Finalmente, el cantante vuelve a reclamar reconocimiento para el sector de la cultura en España: “Vale la pena recordar, e incluso demostrar, que en estos tiempos difíciles el rock es una fuerza poderosa, y la gente necesita recibir esa descarga de energía, porque el rock salva a las personas; los médicos salvan vidas, pero nosotros le hablamos a otro órgano. Mi música habla de algunos valores, pero no pertenezco a una generación de indignados, no hablo de un modo políticamente correcto; no me interesa, digo lo que tengo que decir y punto. Siempre pensé que el rock tiene que romper todos los esquemas y sobre todo transmitir un mensaje que recuerde que nadie está por encima de nadie. El rock celebra la vida y, por cierto, no entiendo a todos esos grupos que parecen enojados. Uno no puede subir triste al escenario y decir con cara de piedra que el mundo es una mierda total, salvo que el grupo se llame Sex Pistols… ¡Pero ellos lo hacían con odio y furor, porque el rock es eso y sobre todo eso!”.

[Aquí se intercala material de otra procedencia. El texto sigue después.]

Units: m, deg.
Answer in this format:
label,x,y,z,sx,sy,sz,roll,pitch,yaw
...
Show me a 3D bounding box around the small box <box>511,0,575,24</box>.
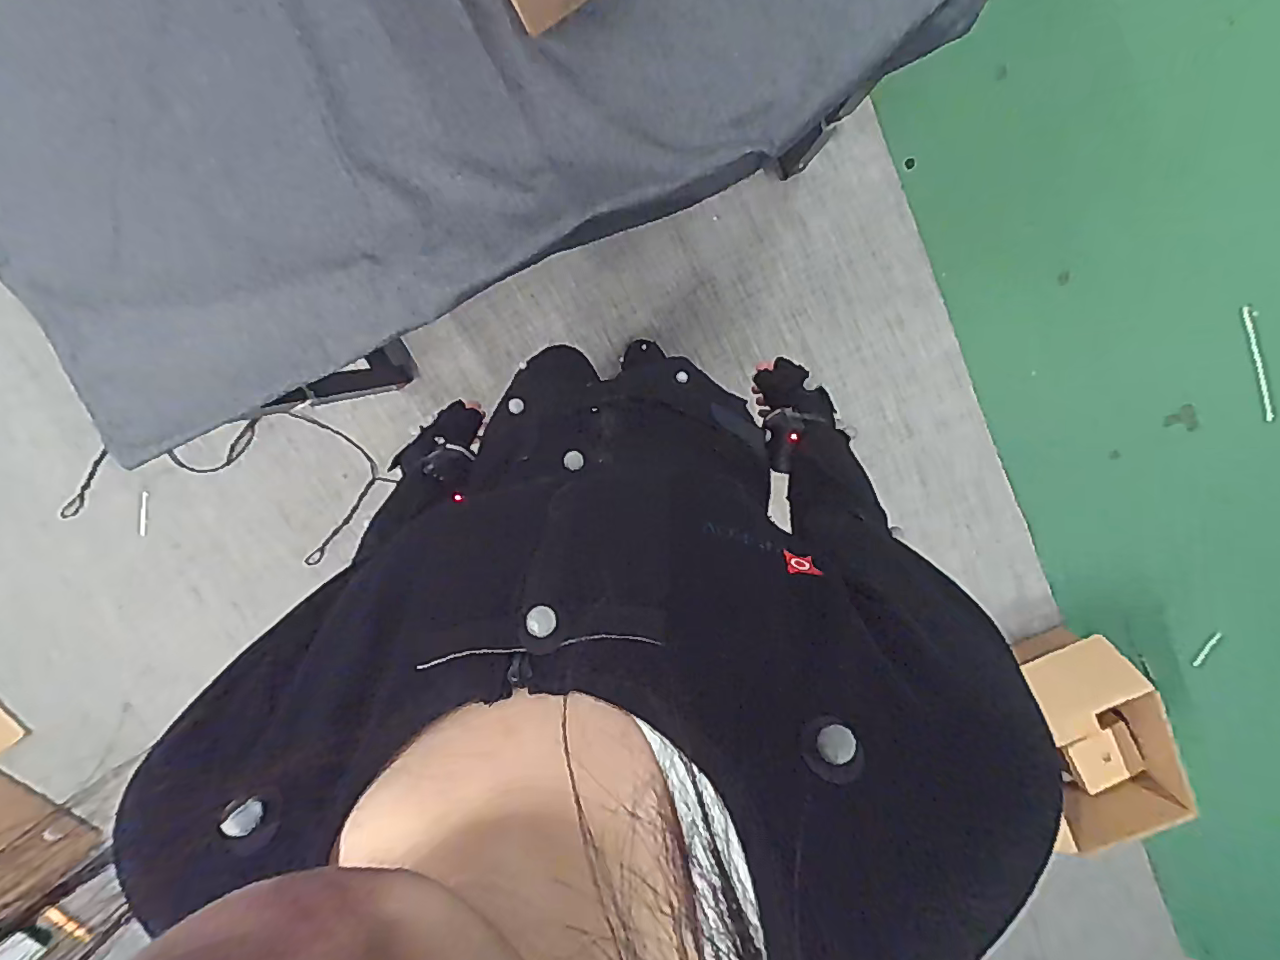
label,x,y,z,sx,sy,sz,roll,pitch,yaw
small box,-0.100,-0.595,0.502,0.168,0.176,0.179,-29,102,8

Loquillo piensa que el Covid marcó el final del siglo XX y que el rock se convirtió en la música clásica del siglo XXI. En su opinión, el rock perdió esa cualidad que tenía, de ser una especie de banda de sonido de los grandes cambios del mundo, y ya no concita el interés de las nuevas generaciones. Pero no pierde la esperanza: “Mientras en algún lado haya un chico que lleve adentro el odio y el furor de Shakespeare, seguirá habiendo rock, más allá de la forma en que se exprese”.
Para exorcizar la epidemia y no enloquecer, durante la primera cuarentena dejó de lado un tiempo el rock –obligado por el cierre de los grandes auditorios– y presentó un espectáculo original de poesía contemporánea acompañada por músicos de jazz: “¡De ninguna manera iba a hacer una versión acústica de mis canciones!”, bromea.

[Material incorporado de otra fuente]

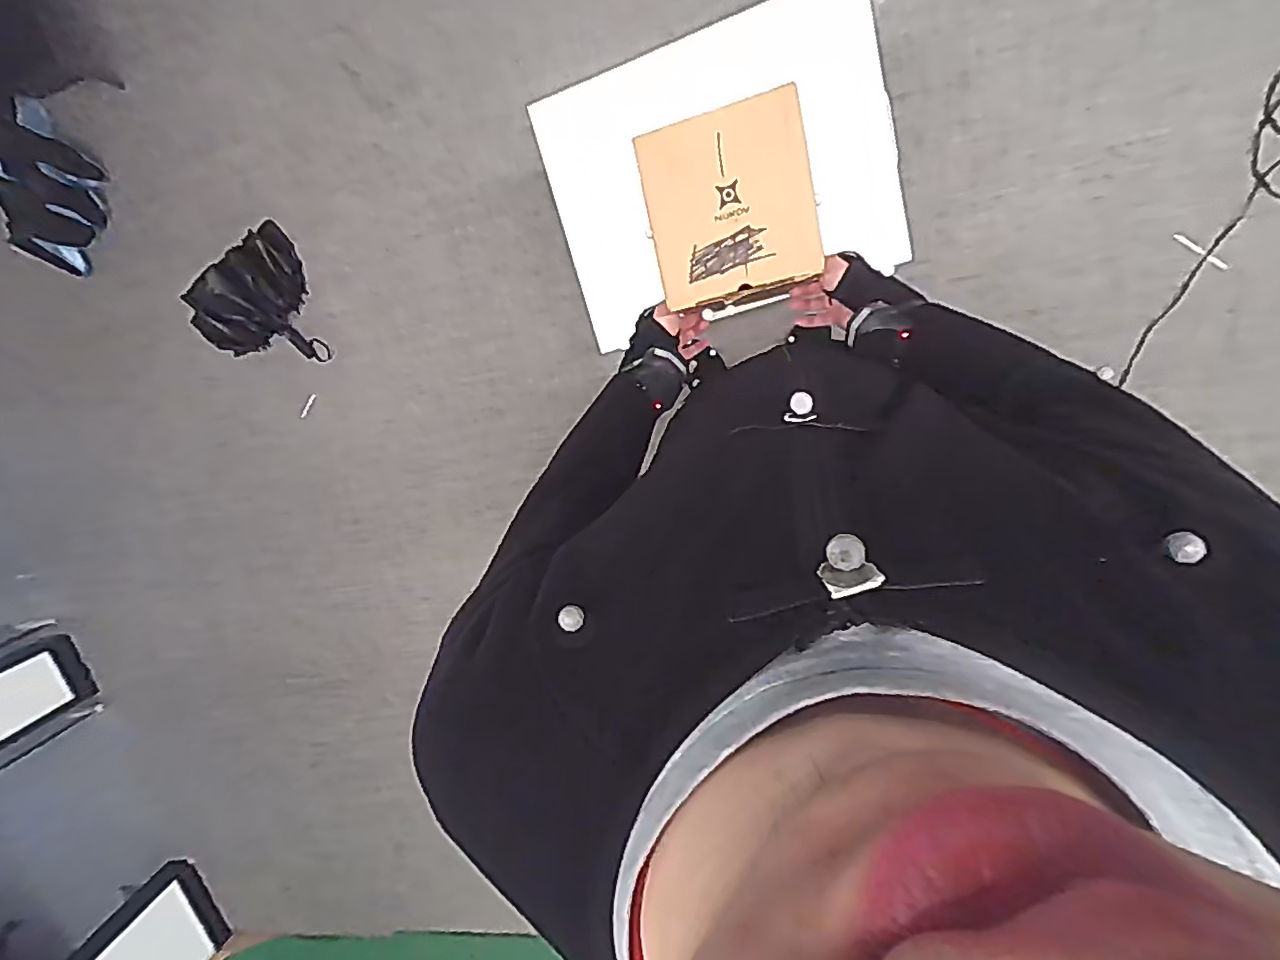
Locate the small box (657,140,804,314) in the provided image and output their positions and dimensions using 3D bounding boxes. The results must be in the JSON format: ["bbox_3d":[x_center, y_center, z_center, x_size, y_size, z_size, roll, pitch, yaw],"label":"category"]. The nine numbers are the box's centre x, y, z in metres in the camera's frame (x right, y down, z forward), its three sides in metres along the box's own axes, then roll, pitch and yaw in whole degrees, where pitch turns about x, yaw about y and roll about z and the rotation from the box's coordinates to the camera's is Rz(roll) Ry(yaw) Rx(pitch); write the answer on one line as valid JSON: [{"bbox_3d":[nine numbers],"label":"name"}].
[{"bbox_3d":[0.131,-0.345,0.776,0.168,0.176,0.179,-11,104,14],"label":"small box"}]

Aunque le gusta hacer bromas, Loquillo no pierde de vista que la pandemia “lo ha jodido todo”. “Cuando estaba por salir de gira para promocionar mi último disco (el notable El último clásico, editado en noviembre de 2019), ¡tuve que despedir a un equipo de 35 personas! Aquí el sector de la música quedó literalmente devastado. Somos muy pocos los que logramos atravesar esta tormenta, que para mí va a durar mucho tiempo”.
Pero el otro trauma que más lo marcó en estos últimos meses es el silencio del confinamiento: “El silencio es la muerte. Lo último que debe aceptar un artista es que el mundo de la cultura quede reducido al silencio. No soportaba más ese silencio y me fui de gira. Y lo seguiré haciendo, pase lo que pase.”